Making it work correctly is simple as illustrated below.

But first some context.
Joomla 3.10 release lead,Tobias Zulauf has been in many areas of the Joomla project. Some are better known than others. One of the projects Tobias tackled was the communication with the Google developers for implementing all the nice recommendations that appear whenever you run a Google lighthouse report in Google chrome's developer console. 

Tobias also created the plugin that would allow a new feature called “images lazy loading” The project decided not to go with the plugin approach but rather to use the native support for lazy loading as the default behaviour for all images. 

There was much discussion about this approach and not all were in favour. The reason that some had concerns was because the first iteration of the code treated every image as a lazy loadable image. 

That was rectified a few months later, when the image picker code had to be revisited to allow remote storage of images (what is known as Media Adapters). 

Google developers also supported the approach that didn't require a plugin. The plugin  approach had the overhead that a portion of the rendered HTML had to be parsed with some regular expression and an attribute was then added on that portion of the HTML. 

Apart from the obvious performance impact there was a usability impact as the plugin wouldn't be able to add the attribute to some images, it was either all or none. 

These are the historical events leading to where we are now. One consequence of the change is the effect it has on the way developers need to work with images. 

Until Joomla 4.0.5 the task of adding an image to the output HTML was up to the developer.
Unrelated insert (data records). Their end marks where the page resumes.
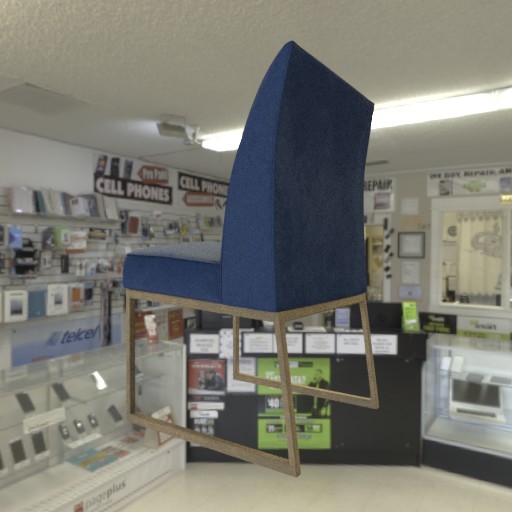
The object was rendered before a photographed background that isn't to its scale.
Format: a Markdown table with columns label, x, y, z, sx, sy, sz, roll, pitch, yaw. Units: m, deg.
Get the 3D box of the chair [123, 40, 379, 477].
| label | x | y | z | sx | sy | sz | roll | pitch | yaw |
| --- | --- | --- | --- | --- | --- | --- | --- | --- | --- |
| chair | 0.000 | 0.000 | 1.208 | 0.522 | 0.863 | 0.508 | 1 | 1 | 35 |
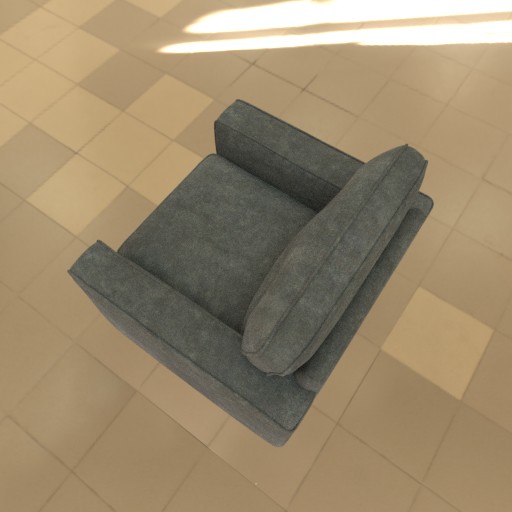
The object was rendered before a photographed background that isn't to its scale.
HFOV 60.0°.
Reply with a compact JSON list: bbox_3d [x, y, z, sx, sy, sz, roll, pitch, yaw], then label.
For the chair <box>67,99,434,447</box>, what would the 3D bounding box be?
[{"bbox_3d":[0.000,0.000,1.721,0.939,0.965,1.015,32,67,15],"label":"chair"}]
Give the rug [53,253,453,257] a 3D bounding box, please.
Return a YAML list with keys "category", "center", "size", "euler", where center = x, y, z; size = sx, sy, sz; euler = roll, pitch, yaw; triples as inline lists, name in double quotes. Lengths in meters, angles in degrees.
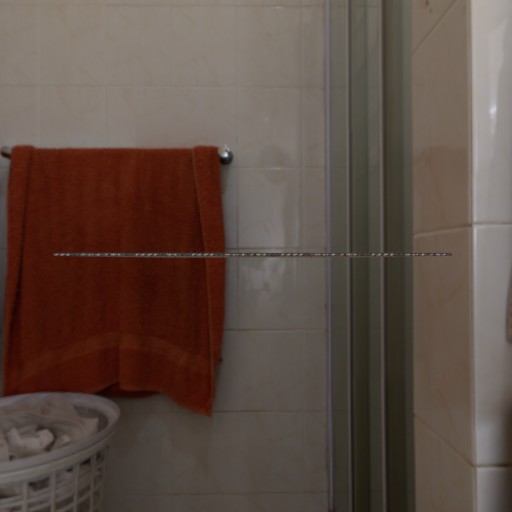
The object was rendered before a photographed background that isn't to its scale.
- category: "rug"
  center: [0.000, 0.000, 3.978]
  size: [2.305, 0.017, 2.902]
  euler: [0, 0, 1]
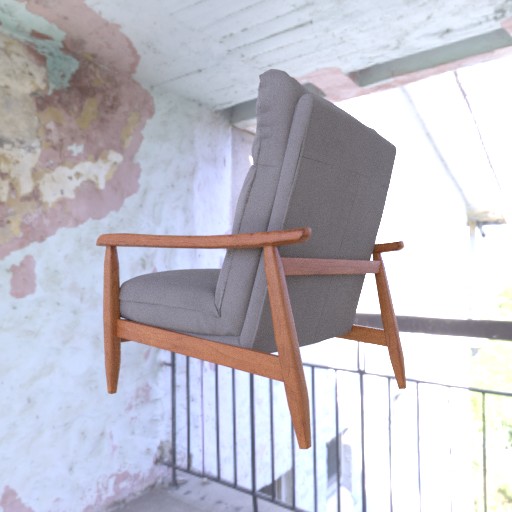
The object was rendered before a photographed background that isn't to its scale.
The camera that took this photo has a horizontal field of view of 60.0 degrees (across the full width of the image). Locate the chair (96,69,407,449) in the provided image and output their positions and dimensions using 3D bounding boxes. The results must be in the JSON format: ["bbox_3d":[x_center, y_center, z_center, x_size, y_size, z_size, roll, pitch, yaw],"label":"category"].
[{"bbox_3d":[0.000,0.000,1.532,0.816,0.922,0.782,-1,-2,38],"label":"chair"}]
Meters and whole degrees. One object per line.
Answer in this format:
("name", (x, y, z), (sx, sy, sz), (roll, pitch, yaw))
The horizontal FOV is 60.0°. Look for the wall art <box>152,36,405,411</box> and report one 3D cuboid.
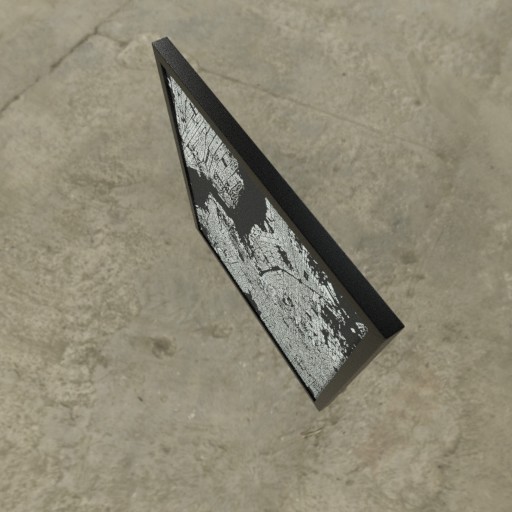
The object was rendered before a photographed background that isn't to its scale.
("wall art", (0.000, 0.000, 1.127), (0.038, 0.761, 0.755), (-30, 67, -14))

They had to work out a way to do it. The project already shipped two different helpers to do this, but it turned out that most, if not all developers completely ignored the helpers and thus the images had a weird # with some random words and numbers at the end of the URL.

The solution

To put an end to this situation, a new JLayout was introduced that will allow developers to output the image tags correctly with the added bonus that it is far easier.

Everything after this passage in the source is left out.